10 January 2007

Woodrow Wilson and the American Way of War, Part 5

The administration of President Woodrow Wilson immediately faced important questions about American interests in the months following the outbreak of the major European war in August 1914. The United States was already a significant economic power in global terms, although it owed more money to foreign creditors than it was owed, and largely was a big economic power because of its sizable domestic market - foreign trade, while significant, played a much lesser role in the Gross National Product than in Britain, for example. However, the American economy was in recession, and the business opportunities offered by the war tempted American manufacturers and exporters. One of the most seriously affected regions of the country was the South, a key element in the coalition that elected Wilson in 1912, and of the Democratic party at this time generally. Unable to export their cotton to Europe, farmers faced ruin.
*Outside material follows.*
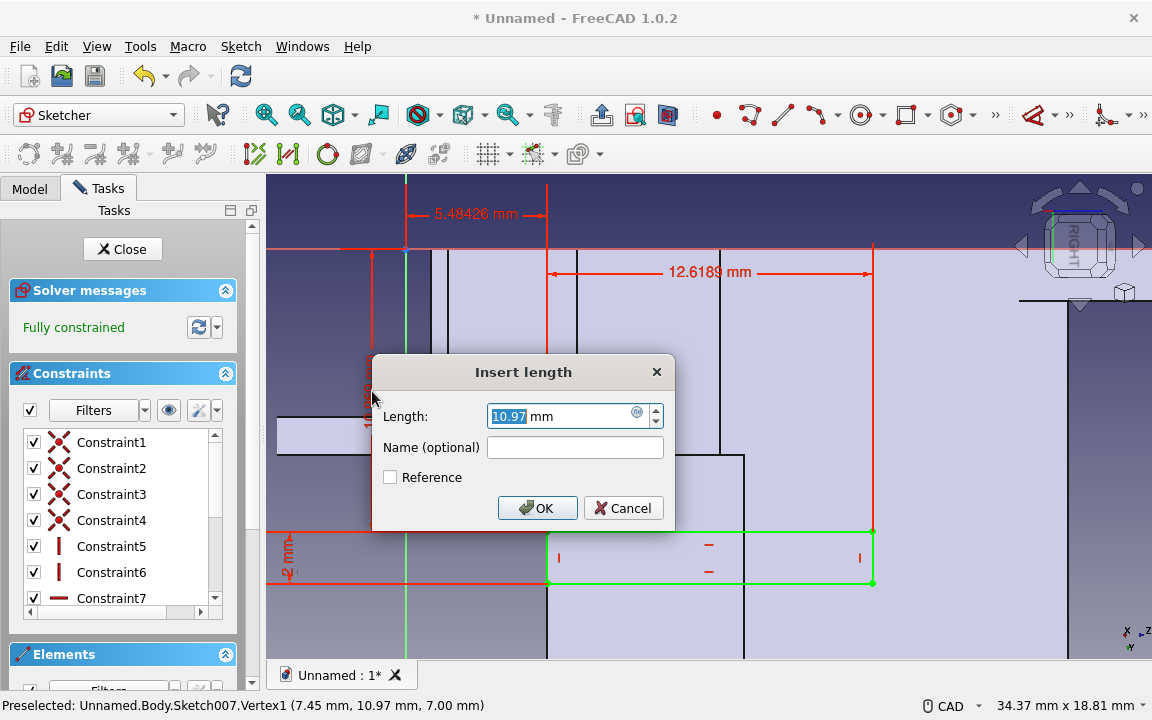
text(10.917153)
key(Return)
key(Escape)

For William Jennings Bryan, the secretary of state, the sinews of modern war were provided by finance. Cut off the supply of money to belligerents, and the war might stop. But while the U.S. government was willing to cut off the public finance of loans or credits to European states, the free enterprise ideology that was one of the Gospels of Americanism at this time (and remains so) would not allow the government to halt initiatives by private financial institutions. Although Bryan exhorted American banks to refuse to lend to the warring nations, some saw a useful opportunity and took it. By October 1914, the policy of exhortation had been set aside by Wilson and the Counselor at the State Department, the Anglophile Robert Lansing, one of America's leading experts in international law.
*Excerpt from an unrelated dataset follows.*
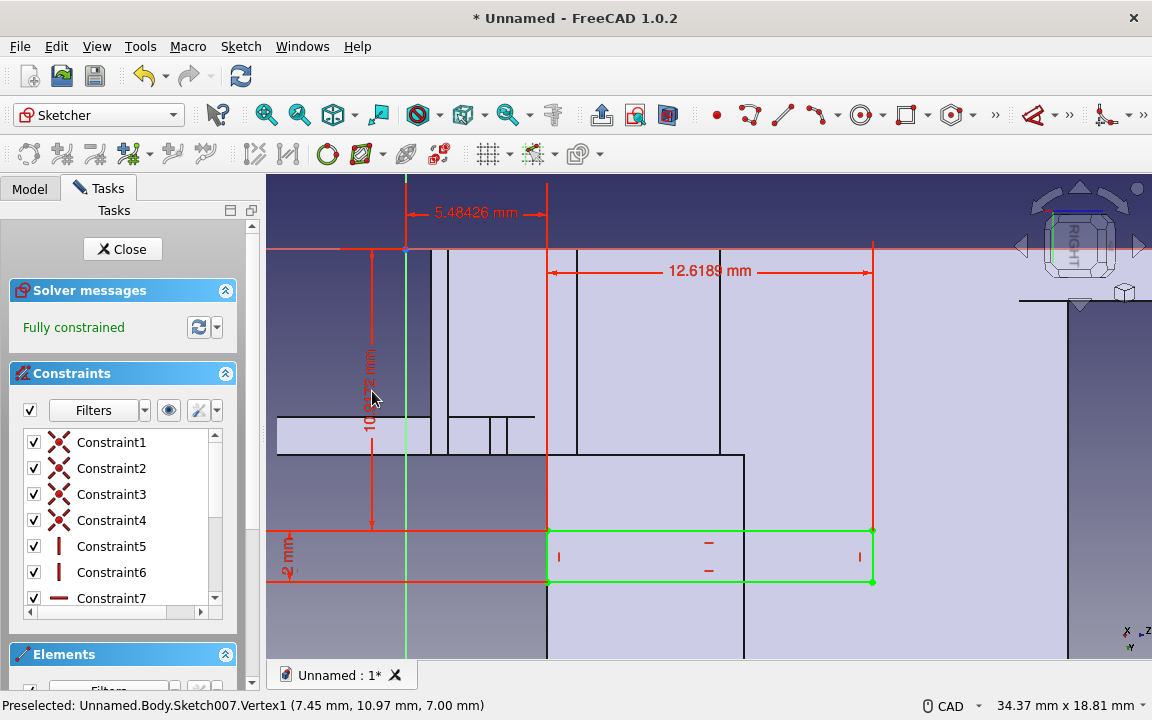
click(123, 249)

A month after the outbreak of war, and a month before the abandonment of the exhortation policy, the Wilson administration chose not to impose an arms embargo, allowing American manufacturers to sell weapons to anyone who could afford to buy them and ship them across the Atlantic. Given that the British had imposed a fairly tight blockade on Germany, this meant that only the French and British were able to take advantage of the American decision.

The British blockade of Germany created yet another problem for Bryan and the administration, in that they followed, but not quite to the letter, an agreement concerning shipping in time of war. The British amended the definition of contraband that could be seized to suit themselves, expanding it slightly. Wilson, under Lansing's influence, agreed to go along with the British interpretation, in spite of the existence of an internationally recognized agreement that the British had helped negotiate, although one that had not been ratified by the British government. One major reason for this was the relatively small size of the American merchant fleet. American shipping was unlikely to be affected significantly by the British interpretation.

Finally, at the outbreak of war, the British began arming their merchant ships. Under international agreements, warships were not allowed to remain in a neutral port for more than 24 hours. But the British insisted that these armed vessels were not warships, because they were only armed for self-defence, and would be hopelessly outclassed by any but the weakest naval vessel. In practical terms, the Germans did not have the naval force on the high seas to make the matter significant. A few cruisers were based in the Pacific, and another in German East Africa. At this stage, British ships ruled the waves, especially the Atlantic between Europe and America. Lansing again pointed out the practical effect of the British policy, and set aside German insistence on the principle.

In each case here, the American Way of War, at least in the diplomatic dimension, is shown. American public policy is traditionally built out of practical responses to immediate problems, tending to favour the dominant interest group on the issue, rather than implementing an idealistic philosophy. Bryan represented a genuine American enthusiasm, at this time another of the Gospels of Americanism, for pacifist ideals. However, a search for practical responses to problems set aside the ideals. The Wilson administration could have imposed an arms and loans ban on the belligerents, insisted on the sanctity of international agreements, and required that the rules of war be implemented to the letter. They did not, and each step taken antagonized one side in the European conflict. When the next major crisis came, the Germans were hardly surprised by the American response, but the consequences fatally undermined the strong anti-war movement in the United States.